The whole genome sequencing was performed in 818 ADNI participants by Illumina’s non-CLIA laboratory at roughly 30–40× coverage20,21. Genetic variants with Hardy-Weinberg Equilibrium < 1e−06, and missing rate < 95% were included as passed QC variants in the PRS calculation.
Polygenic risk score derivation
We used LDpred2-grid to derive the AD PRS. The GWAS summary statistics were based on the meta-analysis of over 100,000 AD or proxy AD cases with European ancestry12. We selected the overlapped variants among AD GWAS summary statistics, UK Biobank imputed genotype data, and HapMap3+ (with over 1,400,000 SNVs across the whole genome) to calculate the PRS. Variants within the APOE linkage region (Genome Build 37, chromosome 19: 4500000–4580000) were excluded22, leaving 1,415,926 SNVs to calculate the PRS. The LD reference panel was based on genotyping 15,000 randomly selected unrelated individuals of European ancestry in the UK Biobank. The tuning hyper-parameters in the LDpred2-grid were heritability (0.0083, 0.0248, 0.0579, 0.0827, or 0.1157), proportion of causal variants (0.0001, 0.00018, 0.00032, 0.00056, 0.001, 0.0018, 0.0032, 0.0056, 0.01, 0.018, 0.032, 0.056, 0.1, 0.18, 0.32, 0.56, 1), and modeling sparsity options (yes or no). The PRS with the highest concordance statistics (C-stats) in the prediction of incident AD was considered optimal and used in the downstream analyses.

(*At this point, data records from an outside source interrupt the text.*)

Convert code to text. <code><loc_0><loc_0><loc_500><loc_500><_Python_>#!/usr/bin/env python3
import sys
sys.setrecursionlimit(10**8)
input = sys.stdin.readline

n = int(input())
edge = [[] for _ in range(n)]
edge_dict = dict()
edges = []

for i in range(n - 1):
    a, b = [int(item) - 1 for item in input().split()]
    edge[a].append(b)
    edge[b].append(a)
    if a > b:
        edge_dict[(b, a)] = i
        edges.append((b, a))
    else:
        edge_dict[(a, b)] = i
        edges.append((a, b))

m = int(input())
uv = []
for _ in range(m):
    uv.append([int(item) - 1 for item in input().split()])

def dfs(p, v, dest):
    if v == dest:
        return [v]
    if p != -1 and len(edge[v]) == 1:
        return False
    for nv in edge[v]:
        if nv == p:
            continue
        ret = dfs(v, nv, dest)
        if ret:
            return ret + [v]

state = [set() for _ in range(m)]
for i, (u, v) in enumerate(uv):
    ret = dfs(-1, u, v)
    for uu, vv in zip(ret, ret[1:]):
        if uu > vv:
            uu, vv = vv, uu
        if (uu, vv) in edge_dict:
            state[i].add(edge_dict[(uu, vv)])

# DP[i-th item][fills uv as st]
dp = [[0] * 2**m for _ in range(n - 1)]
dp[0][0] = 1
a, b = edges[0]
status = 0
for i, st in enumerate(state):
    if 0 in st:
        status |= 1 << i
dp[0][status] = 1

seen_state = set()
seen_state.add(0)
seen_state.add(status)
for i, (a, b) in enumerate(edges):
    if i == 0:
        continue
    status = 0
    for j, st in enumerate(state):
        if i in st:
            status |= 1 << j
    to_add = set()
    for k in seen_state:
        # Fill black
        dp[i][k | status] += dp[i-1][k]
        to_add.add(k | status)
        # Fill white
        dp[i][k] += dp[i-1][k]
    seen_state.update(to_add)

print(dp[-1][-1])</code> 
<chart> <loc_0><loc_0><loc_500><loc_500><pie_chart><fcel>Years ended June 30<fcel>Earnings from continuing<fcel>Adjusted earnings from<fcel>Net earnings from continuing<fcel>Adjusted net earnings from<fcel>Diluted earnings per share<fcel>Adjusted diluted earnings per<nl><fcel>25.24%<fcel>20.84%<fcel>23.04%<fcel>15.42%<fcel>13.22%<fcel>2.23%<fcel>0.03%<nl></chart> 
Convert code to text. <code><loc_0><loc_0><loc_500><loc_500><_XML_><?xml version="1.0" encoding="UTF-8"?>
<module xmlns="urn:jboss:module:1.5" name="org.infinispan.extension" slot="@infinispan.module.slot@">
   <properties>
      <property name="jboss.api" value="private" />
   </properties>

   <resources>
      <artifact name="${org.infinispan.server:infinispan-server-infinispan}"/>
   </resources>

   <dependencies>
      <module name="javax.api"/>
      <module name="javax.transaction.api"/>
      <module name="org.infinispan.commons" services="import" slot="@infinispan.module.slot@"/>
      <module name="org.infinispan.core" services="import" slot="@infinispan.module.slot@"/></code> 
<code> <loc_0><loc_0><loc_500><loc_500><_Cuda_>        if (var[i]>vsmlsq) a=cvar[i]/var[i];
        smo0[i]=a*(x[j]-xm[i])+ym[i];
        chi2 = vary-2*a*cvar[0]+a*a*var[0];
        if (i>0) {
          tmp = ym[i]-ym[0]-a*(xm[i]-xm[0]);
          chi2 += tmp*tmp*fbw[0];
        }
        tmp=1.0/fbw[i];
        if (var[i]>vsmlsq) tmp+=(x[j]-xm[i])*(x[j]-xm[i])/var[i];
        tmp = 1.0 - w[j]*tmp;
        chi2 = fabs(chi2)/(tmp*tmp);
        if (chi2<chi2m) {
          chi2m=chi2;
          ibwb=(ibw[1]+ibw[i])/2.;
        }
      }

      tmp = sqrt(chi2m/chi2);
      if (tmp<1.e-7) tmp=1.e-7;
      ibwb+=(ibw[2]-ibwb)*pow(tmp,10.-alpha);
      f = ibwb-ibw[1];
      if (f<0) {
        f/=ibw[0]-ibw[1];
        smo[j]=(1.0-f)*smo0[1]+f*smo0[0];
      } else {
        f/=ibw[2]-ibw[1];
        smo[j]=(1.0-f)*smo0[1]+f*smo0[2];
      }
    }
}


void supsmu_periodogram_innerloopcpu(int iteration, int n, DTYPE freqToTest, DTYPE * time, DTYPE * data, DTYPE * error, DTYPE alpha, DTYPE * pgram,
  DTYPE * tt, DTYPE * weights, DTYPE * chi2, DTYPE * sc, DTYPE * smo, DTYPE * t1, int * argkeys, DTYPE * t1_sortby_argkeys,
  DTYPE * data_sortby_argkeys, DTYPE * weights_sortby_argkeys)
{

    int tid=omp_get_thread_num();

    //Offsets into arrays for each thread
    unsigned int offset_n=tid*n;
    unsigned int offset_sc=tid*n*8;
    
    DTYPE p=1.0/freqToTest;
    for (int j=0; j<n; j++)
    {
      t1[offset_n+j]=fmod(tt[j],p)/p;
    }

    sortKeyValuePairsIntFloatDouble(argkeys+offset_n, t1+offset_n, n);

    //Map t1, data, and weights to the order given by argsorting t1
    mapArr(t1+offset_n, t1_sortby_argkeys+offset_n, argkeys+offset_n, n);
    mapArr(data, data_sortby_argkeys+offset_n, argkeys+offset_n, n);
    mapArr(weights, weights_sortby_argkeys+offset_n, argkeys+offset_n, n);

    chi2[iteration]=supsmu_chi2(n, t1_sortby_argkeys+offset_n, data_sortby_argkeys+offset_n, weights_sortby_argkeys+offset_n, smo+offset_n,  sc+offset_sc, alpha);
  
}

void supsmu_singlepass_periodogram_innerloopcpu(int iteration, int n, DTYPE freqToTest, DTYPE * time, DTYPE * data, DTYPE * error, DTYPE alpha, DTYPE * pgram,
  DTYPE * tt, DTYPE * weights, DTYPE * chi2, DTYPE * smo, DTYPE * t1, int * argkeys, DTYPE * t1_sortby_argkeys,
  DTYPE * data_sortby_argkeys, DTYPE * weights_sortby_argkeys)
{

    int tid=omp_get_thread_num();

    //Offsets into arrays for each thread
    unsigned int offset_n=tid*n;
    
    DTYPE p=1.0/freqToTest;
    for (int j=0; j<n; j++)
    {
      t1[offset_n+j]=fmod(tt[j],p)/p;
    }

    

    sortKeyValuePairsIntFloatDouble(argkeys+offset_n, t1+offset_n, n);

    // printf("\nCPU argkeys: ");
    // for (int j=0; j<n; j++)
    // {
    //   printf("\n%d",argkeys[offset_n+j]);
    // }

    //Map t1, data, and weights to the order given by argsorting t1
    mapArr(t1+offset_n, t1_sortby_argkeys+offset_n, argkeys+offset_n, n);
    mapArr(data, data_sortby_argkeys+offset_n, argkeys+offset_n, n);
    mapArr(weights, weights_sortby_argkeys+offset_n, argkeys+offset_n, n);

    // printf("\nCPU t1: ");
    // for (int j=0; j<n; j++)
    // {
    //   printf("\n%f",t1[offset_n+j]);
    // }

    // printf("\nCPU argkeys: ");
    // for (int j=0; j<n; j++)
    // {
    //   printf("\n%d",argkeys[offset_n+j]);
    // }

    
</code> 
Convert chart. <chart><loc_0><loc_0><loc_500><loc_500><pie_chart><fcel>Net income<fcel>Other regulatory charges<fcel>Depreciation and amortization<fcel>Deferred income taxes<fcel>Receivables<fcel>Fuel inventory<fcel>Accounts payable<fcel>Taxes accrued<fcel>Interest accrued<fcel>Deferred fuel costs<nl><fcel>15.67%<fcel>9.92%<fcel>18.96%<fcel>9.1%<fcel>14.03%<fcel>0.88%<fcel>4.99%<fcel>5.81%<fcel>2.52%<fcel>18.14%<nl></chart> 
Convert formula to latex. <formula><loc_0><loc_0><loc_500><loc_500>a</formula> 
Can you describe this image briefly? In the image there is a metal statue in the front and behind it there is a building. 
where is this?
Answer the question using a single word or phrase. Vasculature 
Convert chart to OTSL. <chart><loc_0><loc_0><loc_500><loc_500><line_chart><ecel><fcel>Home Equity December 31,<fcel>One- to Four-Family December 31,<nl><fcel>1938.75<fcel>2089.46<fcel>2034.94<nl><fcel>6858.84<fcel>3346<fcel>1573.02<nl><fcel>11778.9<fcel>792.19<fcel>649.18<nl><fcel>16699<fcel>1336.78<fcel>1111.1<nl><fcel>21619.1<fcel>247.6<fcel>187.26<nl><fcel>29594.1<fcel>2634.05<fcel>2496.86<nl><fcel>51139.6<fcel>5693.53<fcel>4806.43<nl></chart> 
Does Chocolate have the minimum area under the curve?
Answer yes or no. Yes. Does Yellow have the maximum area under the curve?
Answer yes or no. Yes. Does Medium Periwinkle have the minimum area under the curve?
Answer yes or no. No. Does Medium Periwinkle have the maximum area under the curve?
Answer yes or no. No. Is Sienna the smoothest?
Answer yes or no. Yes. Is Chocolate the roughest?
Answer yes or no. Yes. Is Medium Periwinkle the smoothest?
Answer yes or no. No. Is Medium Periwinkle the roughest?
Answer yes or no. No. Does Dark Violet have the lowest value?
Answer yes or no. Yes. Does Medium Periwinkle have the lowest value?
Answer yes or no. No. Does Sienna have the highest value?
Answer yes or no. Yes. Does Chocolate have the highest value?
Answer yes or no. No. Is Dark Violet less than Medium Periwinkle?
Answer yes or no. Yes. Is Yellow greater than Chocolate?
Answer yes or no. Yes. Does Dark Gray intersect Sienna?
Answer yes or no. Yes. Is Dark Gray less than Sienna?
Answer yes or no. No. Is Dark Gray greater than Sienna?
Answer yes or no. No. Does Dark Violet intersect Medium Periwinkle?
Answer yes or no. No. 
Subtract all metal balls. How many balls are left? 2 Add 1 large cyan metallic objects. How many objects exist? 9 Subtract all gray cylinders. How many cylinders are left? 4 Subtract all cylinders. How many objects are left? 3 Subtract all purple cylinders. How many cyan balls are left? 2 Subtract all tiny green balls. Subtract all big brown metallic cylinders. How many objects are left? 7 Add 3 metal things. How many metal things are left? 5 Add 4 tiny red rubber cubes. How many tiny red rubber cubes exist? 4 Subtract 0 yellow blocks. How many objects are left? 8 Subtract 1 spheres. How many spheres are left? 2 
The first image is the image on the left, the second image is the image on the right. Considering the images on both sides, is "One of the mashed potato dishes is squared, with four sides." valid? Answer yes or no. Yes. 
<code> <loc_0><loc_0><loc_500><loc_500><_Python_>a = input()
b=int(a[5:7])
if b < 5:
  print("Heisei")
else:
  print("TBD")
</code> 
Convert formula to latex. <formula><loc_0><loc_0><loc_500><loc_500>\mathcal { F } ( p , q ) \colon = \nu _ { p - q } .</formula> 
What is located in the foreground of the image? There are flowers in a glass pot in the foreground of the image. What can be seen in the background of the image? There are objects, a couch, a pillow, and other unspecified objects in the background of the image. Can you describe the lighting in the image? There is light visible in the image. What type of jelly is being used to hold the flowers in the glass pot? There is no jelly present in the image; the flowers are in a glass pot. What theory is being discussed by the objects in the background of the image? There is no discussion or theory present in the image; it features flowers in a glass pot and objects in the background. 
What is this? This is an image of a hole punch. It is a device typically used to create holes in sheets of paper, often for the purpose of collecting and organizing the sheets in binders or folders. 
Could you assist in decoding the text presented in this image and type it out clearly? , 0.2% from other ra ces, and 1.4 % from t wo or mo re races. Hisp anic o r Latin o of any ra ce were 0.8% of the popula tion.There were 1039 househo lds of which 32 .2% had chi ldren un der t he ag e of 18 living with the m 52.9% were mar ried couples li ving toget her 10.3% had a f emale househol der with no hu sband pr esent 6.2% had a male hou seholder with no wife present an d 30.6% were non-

To generate the PRS in ADNI, we used the 1,387,064 SNVs both in the ADNI whole genome sequencing data and in the optimal PRS from the UK Biobank described above (covered 98% SNVs of the UK Biobank). The ADNI PRS was then calculated as a linear combination of those variants and their shrinkage effect sizes derived from the optimal PRS from UK Biobank.
AD diagnosis
The outcome in the polygenic score calculation was incident AD in the UK Biobank. AD was coded based on the International Classification of Disease (ICD-10) diagnosis code of G30 and READ code F00 (UK Biobank Field ID 131036, and 130836)23. The AD diagnosis in ADNI was based on a clinical diagnosis of expert clinicians following standard research criteria24, while mild cognitive impairment (MCI) was diagnosed based on one of the following: memory complaints, Mini-Mental State Exam (MMSE) (MCI: 24–30, dementia: 20–26), Clinical Dementia Rating score, or Logical Memory II subscale of the Wechsler Memory Scale25,26.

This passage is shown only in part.